Chlamydia trachomatis (CT) and Neisseria gonorrhoeae (GC) are the agents of two common, sexually transmitted 
diseases afflicting women in the United States (http://www.cdc.gov). We designed a novel web-based application 
that offers simple recommendations to help optimize medical outcomes with CT and GC prevention and control 
programs. This application takes population groups, prevalence rates, parameters for available screening assays and 
treatment regimens (costs, sensitivity, and specificity), as well as budget limits as inputs.
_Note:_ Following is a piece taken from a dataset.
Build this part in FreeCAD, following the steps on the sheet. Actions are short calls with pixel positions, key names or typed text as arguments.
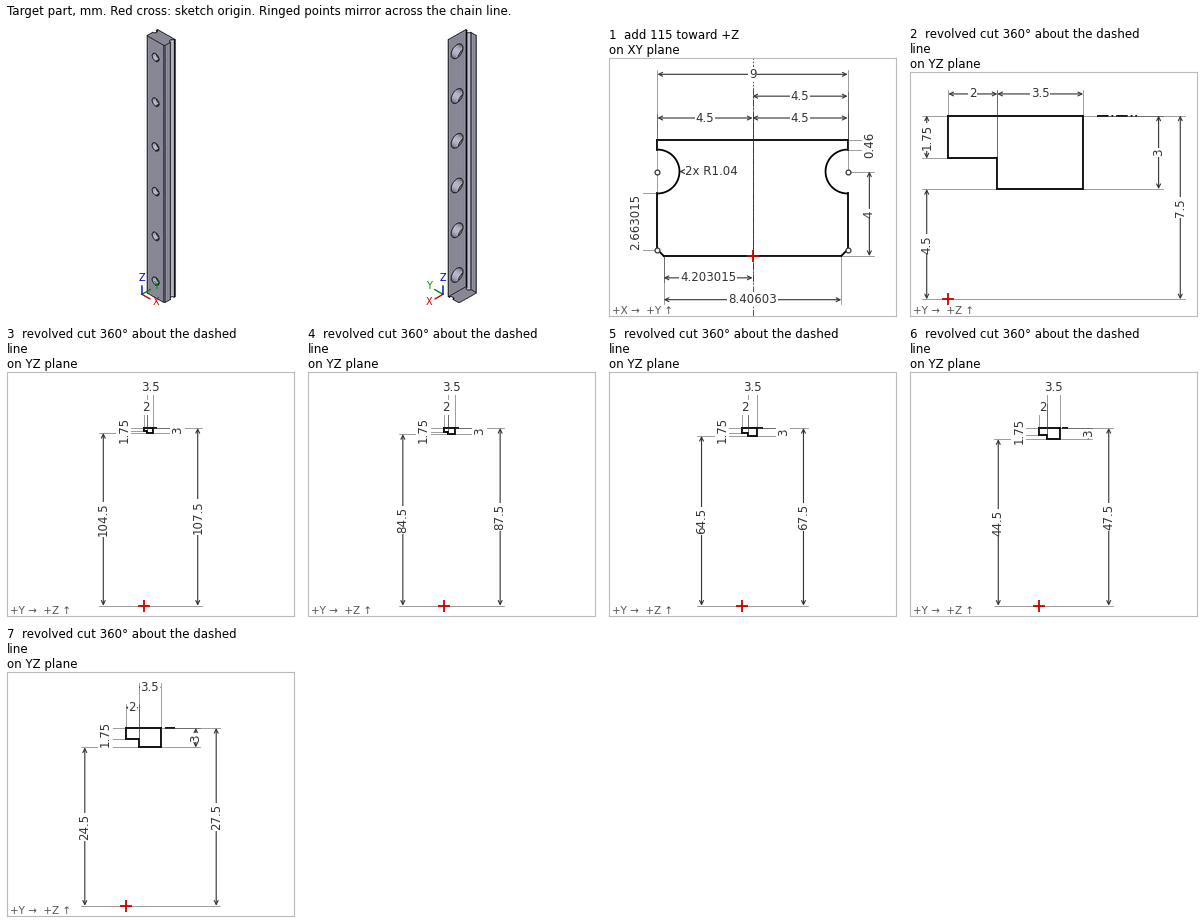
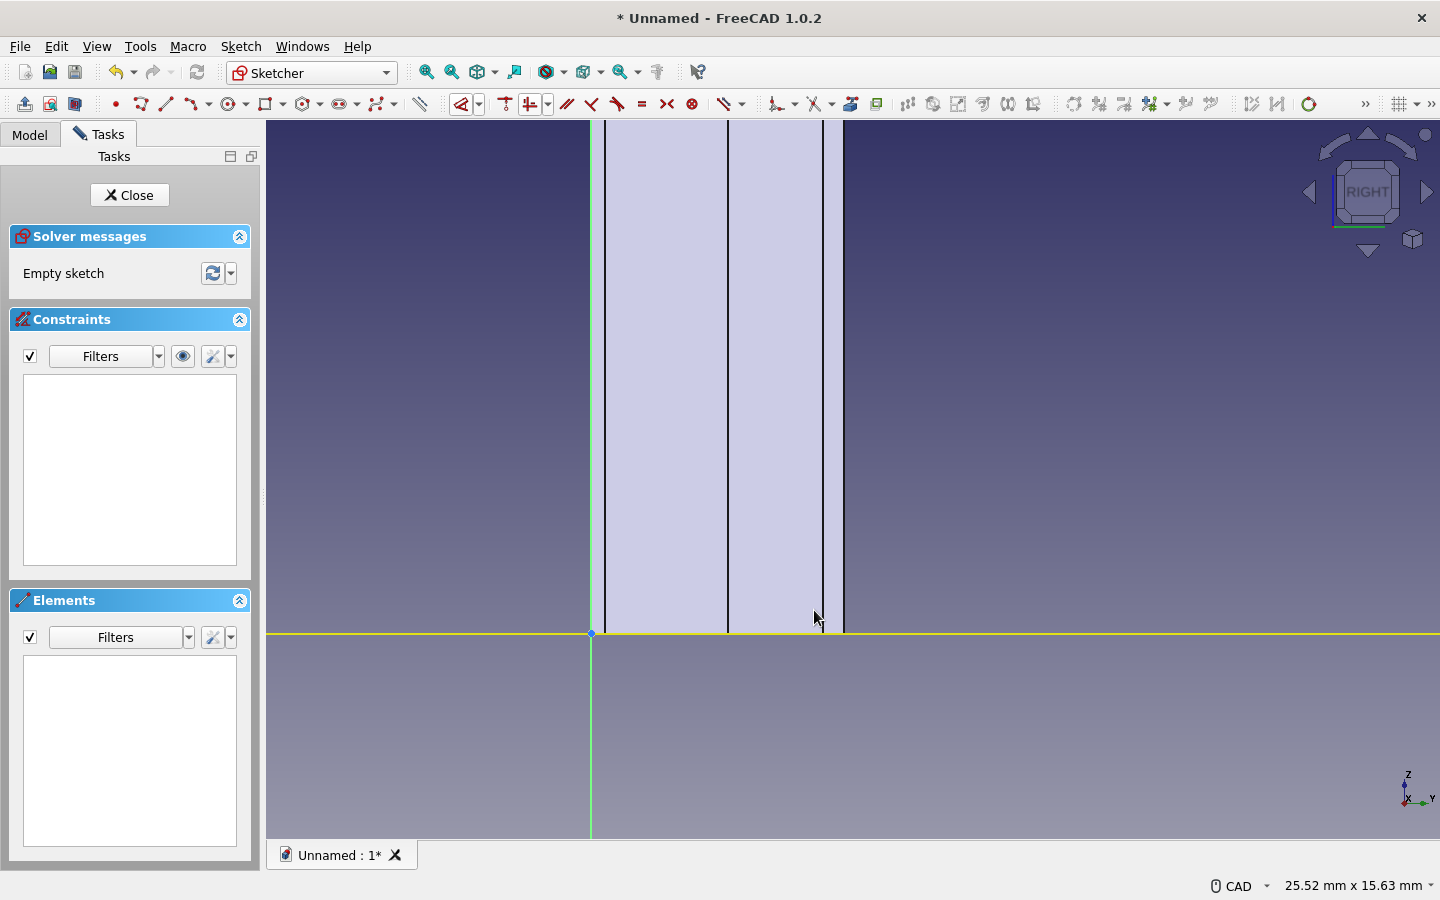
scroll(736, 424, up, 2)
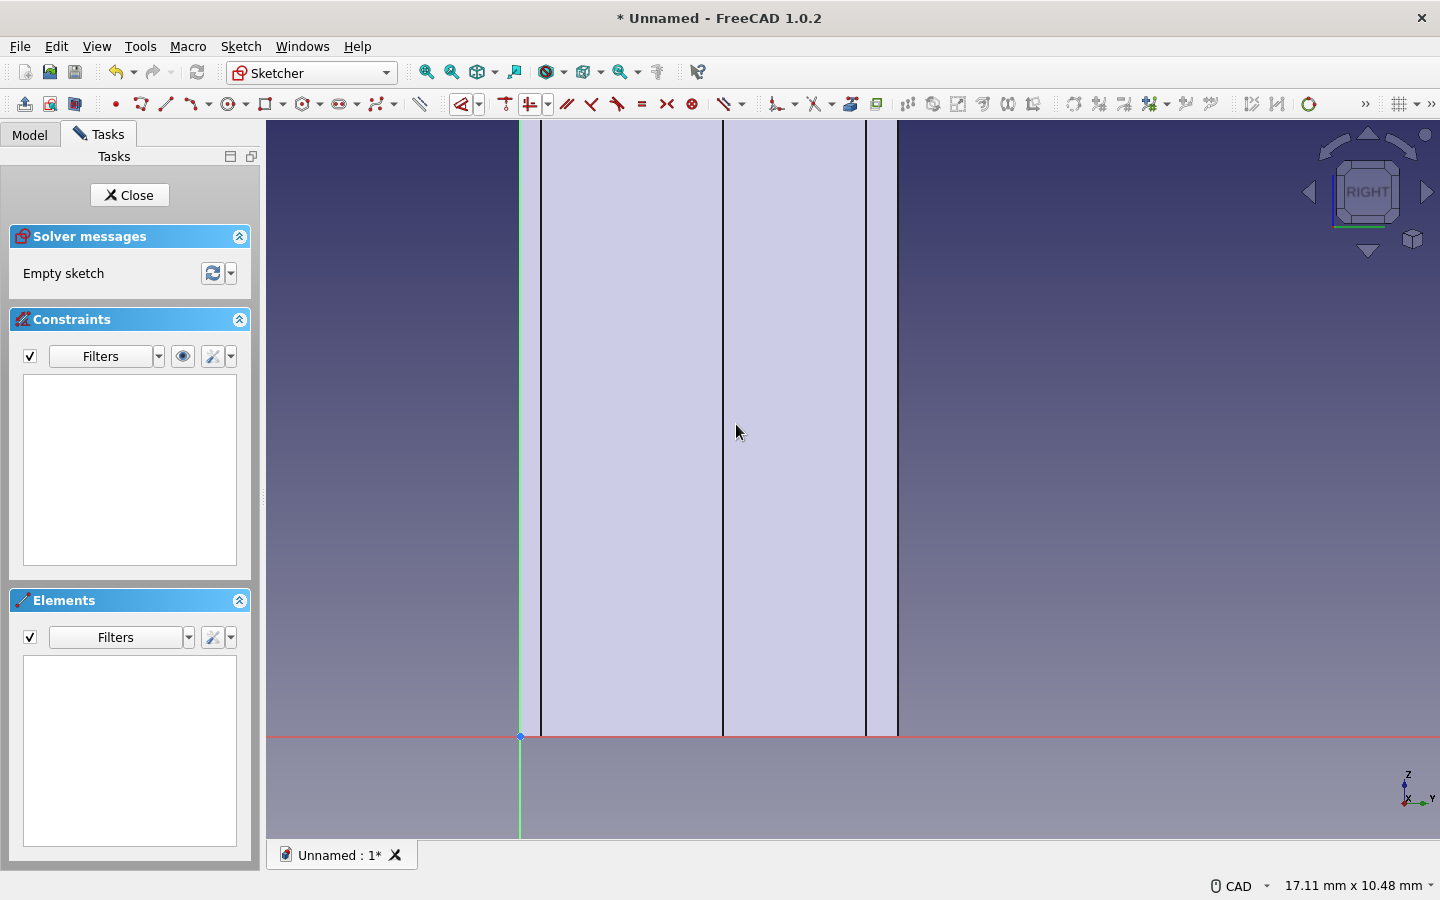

Its output suggests optimal 
screening and treatment strategies for selected at-risk groups, commensurate with the clinic's budget allocation. 
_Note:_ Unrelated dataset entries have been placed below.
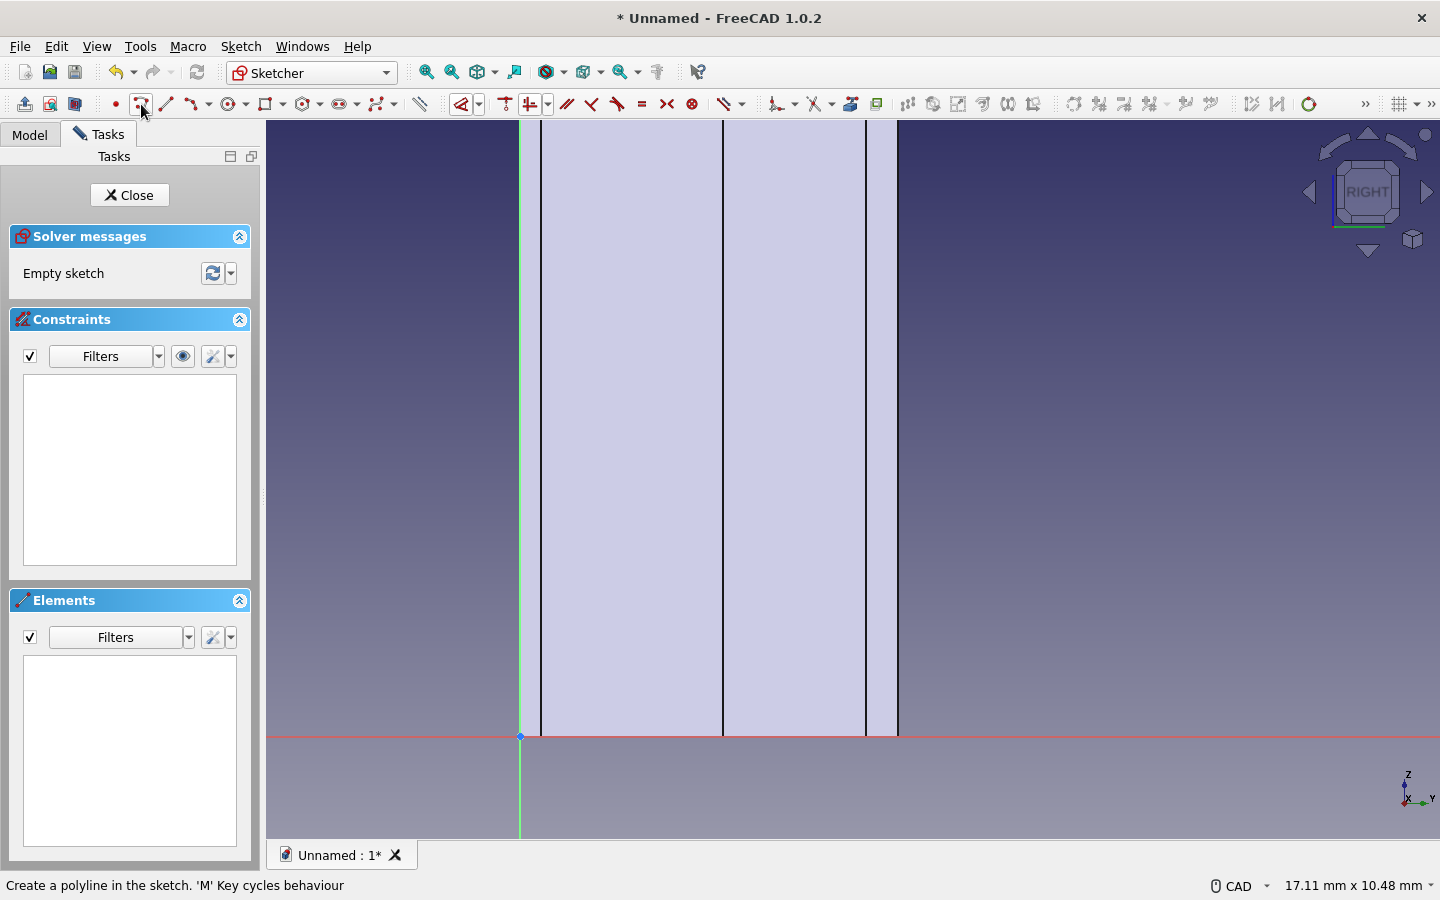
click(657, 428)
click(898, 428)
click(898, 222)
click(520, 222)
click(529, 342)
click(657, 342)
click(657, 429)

Development of this tool illustrates how a clinical informatics application based on rigorous mathematics might 
have a significant impact on real-world clinical issues. 



Introduction and background 

Chlamydia trachomatis (CT) and Neisseria gonorrhoeae 
(GC) are the etiological agents of the two most commonly 
reported sexually transmitted diseases (STDs) among 
women in the United States. In 2011, 1,412,791 cases of 
sexually transmitted CT infection were reported to the 
Centers for Disease Control and Prevention (CDC) [1]. 
This case count corresponds to a rate of 457.6 cases per 
100,000 population, an increase of 8% over 2010. A com- 
mon co-infection with CT [2], GC infection was reported 
a total number of 321,849 cases, corresponding to a rate 
of 104.2 cases per 100,000 population [1]. 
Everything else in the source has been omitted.